=== Section Start ===

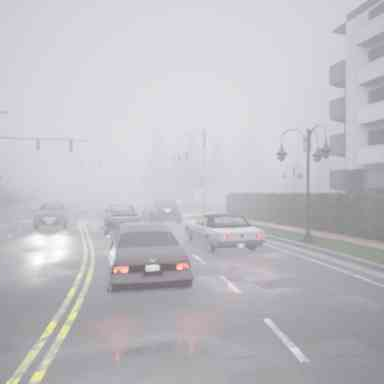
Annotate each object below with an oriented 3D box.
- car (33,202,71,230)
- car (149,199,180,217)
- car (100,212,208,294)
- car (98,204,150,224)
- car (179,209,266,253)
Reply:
[{"bbox_3d":[-8.716,1.426,20.806,2.128,1.511,4.902,0,0,-19],"label":"car"},{"bbox_3d":[-2.252,1.268,23.875,2.097,1.767,4.553,0,0,-17],"label":"car"},{"bbox_3d":[-1.307,1.516,8.918,2.033,1.411,5.357,0,0,-13],"label":"car"},{"bbox_3d":[-3.991,1.429,18.285,2.128,1.511,4.902,0,0,-19],"label":"car"},{"bbox_3d":[1.089,1.550,13.637,1.895,1.301,4.718,0,0,-16],"label":"car"}]
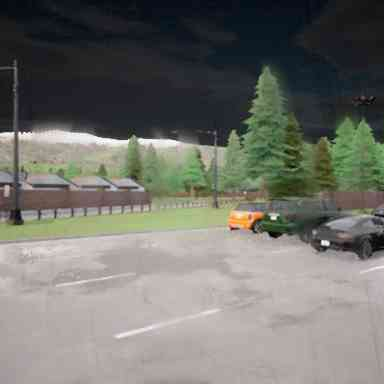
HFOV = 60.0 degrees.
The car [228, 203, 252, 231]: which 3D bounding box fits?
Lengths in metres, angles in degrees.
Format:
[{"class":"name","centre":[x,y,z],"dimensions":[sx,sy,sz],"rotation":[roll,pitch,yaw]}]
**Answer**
[{"class":"car","centre":[4.348,1.410,19.771],"dimensions":[4.553,1.767,2.097],"rotation":[0,0,-35]}]

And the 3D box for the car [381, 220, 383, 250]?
[{"class":"car","centre":[7.451,1.521,9.106],"dimensions":[5.008,1.535,1.882],"rotation":[0,0,-35]}]

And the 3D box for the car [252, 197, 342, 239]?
[{"class":"car","centre":[5.877,1.276,16.561],"dimensions":[5.566,2.045,2.150],"rotation":[0,0,-35]}]

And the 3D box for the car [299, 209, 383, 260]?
[{"class":"car","centre":[6.413,1.573,12.657],"dimensions":[4.674,1.442,1.812],"rotation":[0,0,-35]}]

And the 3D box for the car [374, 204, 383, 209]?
[{"class":"car","centre":[17.579,1.684,29.208],"dimensions":[4.181,1.385,1.994],"rotation":[0,0,-35]}]
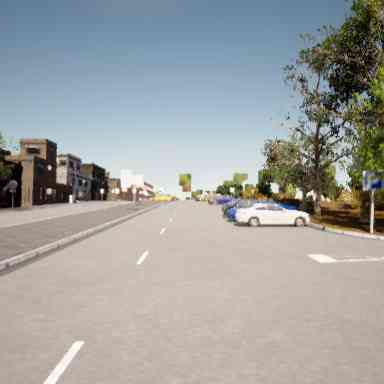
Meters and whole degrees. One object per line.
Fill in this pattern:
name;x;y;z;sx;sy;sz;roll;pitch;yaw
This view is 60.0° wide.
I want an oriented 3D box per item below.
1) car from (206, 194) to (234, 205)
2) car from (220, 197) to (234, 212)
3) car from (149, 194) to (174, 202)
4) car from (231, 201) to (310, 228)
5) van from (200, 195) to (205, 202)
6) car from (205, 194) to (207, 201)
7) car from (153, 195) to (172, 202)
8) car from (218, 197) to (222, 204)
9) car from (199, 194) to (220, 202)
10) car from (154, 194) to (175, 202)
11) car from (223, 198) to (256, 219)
car;5.115;1.320;55.263;4.553;1.767;2.185;0;0;0
car;5.079;1.434;27.651;4.892;1.521;2.231;0;0;0
car;-7.569;1.603;79.765;5.366;1.575;1.946;0;-1;0
car;5.082;1.471;21.229;4.674;1.452;2.002;0;0;0
van;4.772;1.375;79.229;4.442;1.987;1.878;0;-1;0
car;5.042;1.488;58.433;4.674;1.452;2.002;0;0;0
car;-7.379;1.532;82.686;4.553;1.767;2.185;0;-1;-1
car;5.081;1.475;30.927;4.674;1.452;2.002;0;0;0
car;4.763;1.587;90.401;5.566;2.045;2.435;0;-2;-1
car;-7.469;1.626;91.916;5.566;2.045;2.435;0;-1;-1
car;5.090;1.432;24.377;5.008;1.535;2.097;0;0;0
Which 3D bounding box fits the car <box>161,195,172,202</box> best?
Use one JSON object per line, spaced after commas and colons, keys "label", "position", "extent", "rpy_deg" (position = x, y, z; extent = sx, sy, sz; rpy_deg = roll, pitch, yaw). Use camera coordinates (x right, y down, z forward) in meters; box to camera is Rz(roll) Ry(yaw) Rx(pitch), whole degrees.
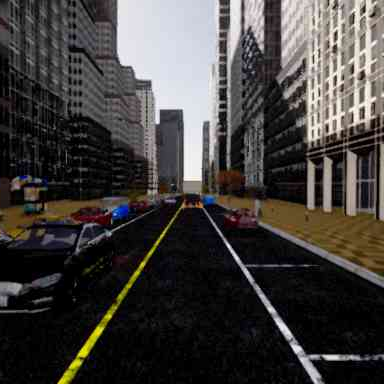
{"label": "car", "position": [-5.719, 1.384, 75.125], "extent": [2.008, 1.369, 4.403], "rpy_deg": [-1, 0, 0]}

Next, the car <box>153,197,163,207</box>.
{"label": "car", "position": [-5.712, 1.433, 47.001], "extent": [2.008, 1.369, 4.403], "rpy_deg": [-1, 0, 0]}

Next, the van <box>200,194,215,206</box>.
{"label": "van", "position": [2.662, 1.213, 52.628], "extent": [1.690, 1.788, 3.998], "rpy_deg": [-1, 0, 0]}

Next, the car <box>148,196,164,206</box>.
{"label": "car", "position": [-5.714, 1.422, 52.625], "extent": [2.008, 1.369, 4.403], "rpy_deg": [-1, 0, 0]}

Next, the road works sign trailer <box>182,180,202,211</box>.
{"label": "road works sign trailer", "position": [0.028, 0.362, 39.793], "extent": [2.380, 3.560, 2.880], "rpy_deg": [0, 0, 1]}

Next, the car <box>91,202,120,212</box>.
{"label": "car", "position": [-5.706, 1.492, 18.875], "extent": [1.887, 1.381, 4.507], "rpy_deg": [-1, 0, 0]}

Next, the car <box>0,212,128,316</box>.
{"label": "car", "position": [-3.101, 1.468, 7.734], "extent": [2.128, 1.511, 4.902], "rpy_deg": [0, 0, 0]}

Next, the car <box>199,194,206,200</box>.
{"label": "car", "position": [2.658, 1.343, 86.548], "extent": [1.752, 1.417, 4.829], "rpy_deg": [-1, 0, 0]}

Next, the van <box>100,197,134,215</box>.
{"label": "van", "position": [-5.711, 1.274, 24.499], "extent": [1.690, 1.788, 3.998], "rpy_deg": [-1, 0, 0]}

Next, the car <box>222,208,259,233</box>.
{"label": "car", "position": [2.675, 1.529, 18.878], "extent": [1.802, 1.307, 4.206], "rpy_deg": [-1, 0, 0]}

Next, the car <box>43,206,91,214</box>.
{"label": "car", "position": [-5.705, 1.488, 13.080], "extent": [1.752, 1.417, 4.829], "rpy_deg": [-1, 0, 0]}

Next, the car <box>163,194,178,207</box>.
{"label": "car", "position": [-3.088, 1.425, 49.029], "extent": [2.033, 1.411, 5.357], "rpy_deg": [0, 0, 0]}

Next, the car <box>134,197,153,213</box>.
{"label": "car", "position": [-5.710, 1.451, 35.750], "extent": [1.887, 1.381, 4.507], "rpy_deg": [-1, 0, 0]}

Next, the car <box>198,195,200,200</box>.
{"label": "car", "position": [2.661, 1.292, 63.877], "extent": [1.967, 1.590, 4.097], "rpy_deg": [-1, 0, 0]}
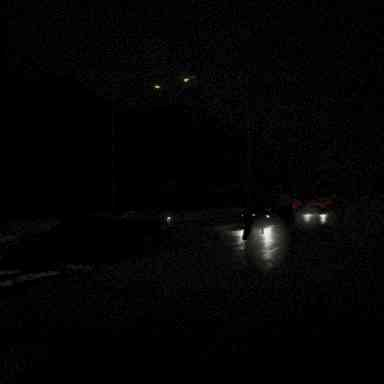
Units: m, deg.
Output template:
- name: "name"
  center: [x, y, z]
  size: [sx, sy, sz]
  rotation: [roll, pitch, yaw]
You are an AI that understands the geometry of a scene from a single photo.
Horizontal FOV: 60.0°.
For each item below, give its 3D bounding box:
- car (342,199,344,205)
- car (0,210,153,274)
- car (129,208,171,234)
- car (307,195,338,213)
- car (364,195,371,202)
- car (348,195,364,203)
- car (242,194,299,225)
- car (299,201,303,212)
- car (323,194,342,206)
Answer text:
- name: "car"
  center: [23.326, 1.498, 53.774]
  size: [1.947, 1.339, 4.313]
  rotation: [0, 0, 35]
- name: "car"
  center: [-3.992, 1.523, 10.888]
  size: [2.033, 1.411, 5.357]
  rotation: [0, 0, 38]
- name: "car"
  center: [-2.826, 1.516, 16.618]
  size: [2.008, 1.369, 4.403]
  rotation: [0, 0, 35]
- name: "car"
  center: [13.938, 1.411, 35.982]
  size: [1.882, 1.535, 5.008]
  rotation: [0, 0, 35]
- name: "car"
  center: [39.571, 1.484, 76.858]
  size: [1.752, 1.417, 4.829]
  rotation: [0, 0, 35]
- name: "car"
  center: [33.132, 1.507, 67.708]
  size: [1.947, 1.339, 4.313]
  rotation: [0, 0, 35]
- name: "car"
  center: [5.660, 1.165, 24.265]
  size: [2.150, 2.045, 5.566]
  rotation: [0, 0, 35]
- name: "car"
  center: [10.249, 1.377, 35.196]
  size: [1.967, 1.590, 4.097]
  rotation: [0, 0, 35]
- name: "car"
  center: [20.056, 1.248, 49.129]
  size: [2.192, 1.841, 5.009]
  rotation: [0, 0, 35]
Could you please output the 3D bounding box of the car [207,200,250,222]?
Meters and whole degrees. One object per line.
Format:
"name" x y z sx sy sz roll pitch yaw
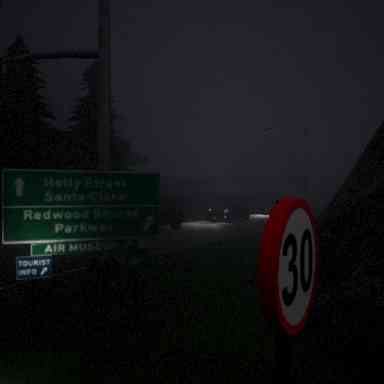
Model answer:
"car" 3.212 1.544 28.891 2.097 1.767 4.553 0 0 36

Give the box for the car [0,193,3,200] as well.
"car" -38.552 1.490 70.011 4.514 1.523 2.007 0 0 35

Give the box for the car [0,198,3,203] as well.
"car" -12.364 1.505 26.061 1.905 1.878 3.866 0 0 35

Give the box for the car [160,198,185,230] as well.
"car" -2.678 1.414 20.798 2.150 2.045 5.566 0 0 36

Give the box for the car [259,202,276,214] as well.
"car" 9.086 1.756 36.945 1.994 1.385 4.181 0 0 36
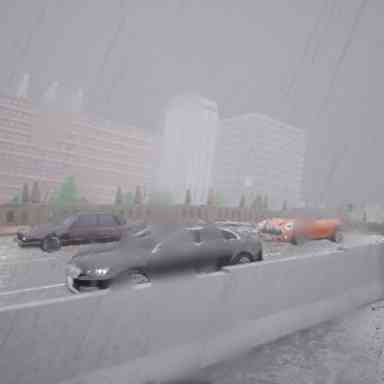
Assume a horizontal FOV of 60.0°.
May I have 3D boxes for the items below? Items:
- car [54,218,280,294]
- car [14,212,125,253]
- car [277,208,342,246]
[{"bbox_3d":[-0.414,1.492,7.998,4.902,1.511,2.128,0,0,-36],"label":"car"},{"bbox_3d":[-4.291,1.548,13.832,5.357,1.411,2.033,0,0,-36],"label":"car"},{"bbox_3d":[5.377,1.592,16.432,4.553,1.767,2.097,3,-2,-35],"label":"car"}]
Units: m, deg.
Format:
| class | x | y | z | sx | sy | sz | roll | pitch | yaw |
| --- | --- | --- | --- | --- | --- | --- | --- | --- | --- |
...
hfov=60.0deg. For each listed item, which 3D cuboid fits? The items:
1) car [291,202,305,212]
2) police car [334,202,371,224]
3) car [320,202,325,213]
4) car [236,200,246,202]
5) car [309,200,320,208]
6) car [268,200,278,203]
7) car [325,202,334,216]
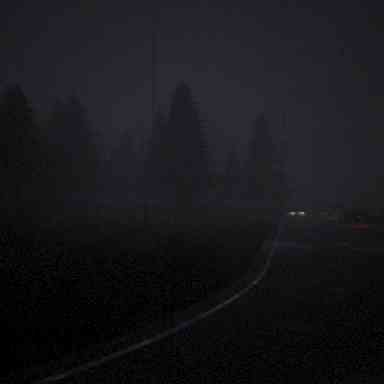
| class | x | y | z | sx | sy | sz | roll | pitch | yaw |
| --- | --- | --- | --- | --- | --- | --- | --- | --- | --- |
| car | 15.401 | 2.175 | 48.372 | 2.033 | 1.411 | 5.357 | -1 | -1 | 17 |
| police car | 13.797 | 1.755 | 28.458 | 1.930 | 1.638 | 5.238 | -1 | -1 | 17 |
| car | 18.391 | 2.033 | 43.667 | 1.837 | 1.490 | 4.892 | -1 | -1 | 17 |
| car | 12.841 | 2.491 | 88.184 | 1.905 | 1.878 | 3.866 | 0 | -1 | -14 |
| car | 22.897 | 2.253 | 61.905 | 1.882 | 1.535 | 5.008 | -1 | -1 | 17 |
| car | 19.812 | 2.217 | 77.217 | 5.008 | 1.535 | 1.882 | -1 | -1 | 17 |
| car | 16.657 | 1.958 | 37.924 | 1.837 | 1.490 | 4.892 | -1 | -1 | 17 |
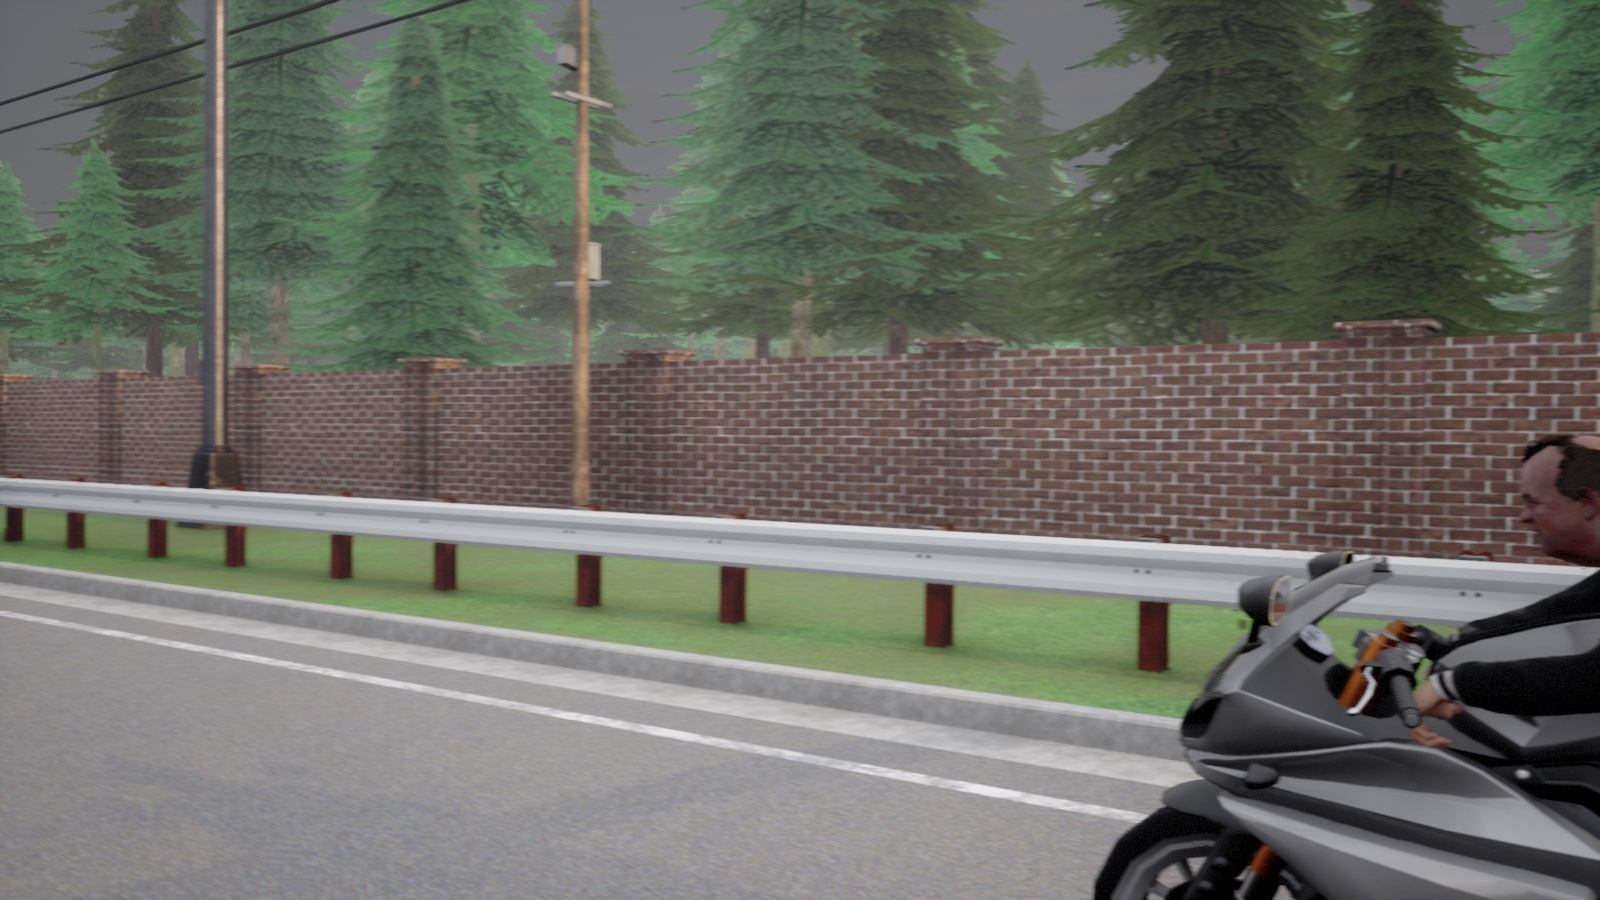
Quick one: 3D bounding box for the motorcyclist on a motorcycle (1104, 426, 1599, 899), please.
[{"bbox_3d":[1.802,0.717,2.427,2.191,1.530,0.866,0,1,34],"label":"motorcyclist on a motorcycle"}]

=== Section End ===

EXERCISE AIM: The lines above from the one with "Horizontal FOV: 60.0°." through the one with "- car (299,201,303,212)" are to be duplicated exactly, ends included, with nothing added.

EXERCISE RESULT:
Horizontal FOV: 60.0°.
For each item below, give its 3D bounding box:
- car (342,199,344,205)
- car (0,210,153,274)
- car (129,208,171,234)
- car (307,195,338,213)
- car (364,195,371,202)
- car (348,195,364,203)
- car (242,194,299,225)
- car (299,201,303,212)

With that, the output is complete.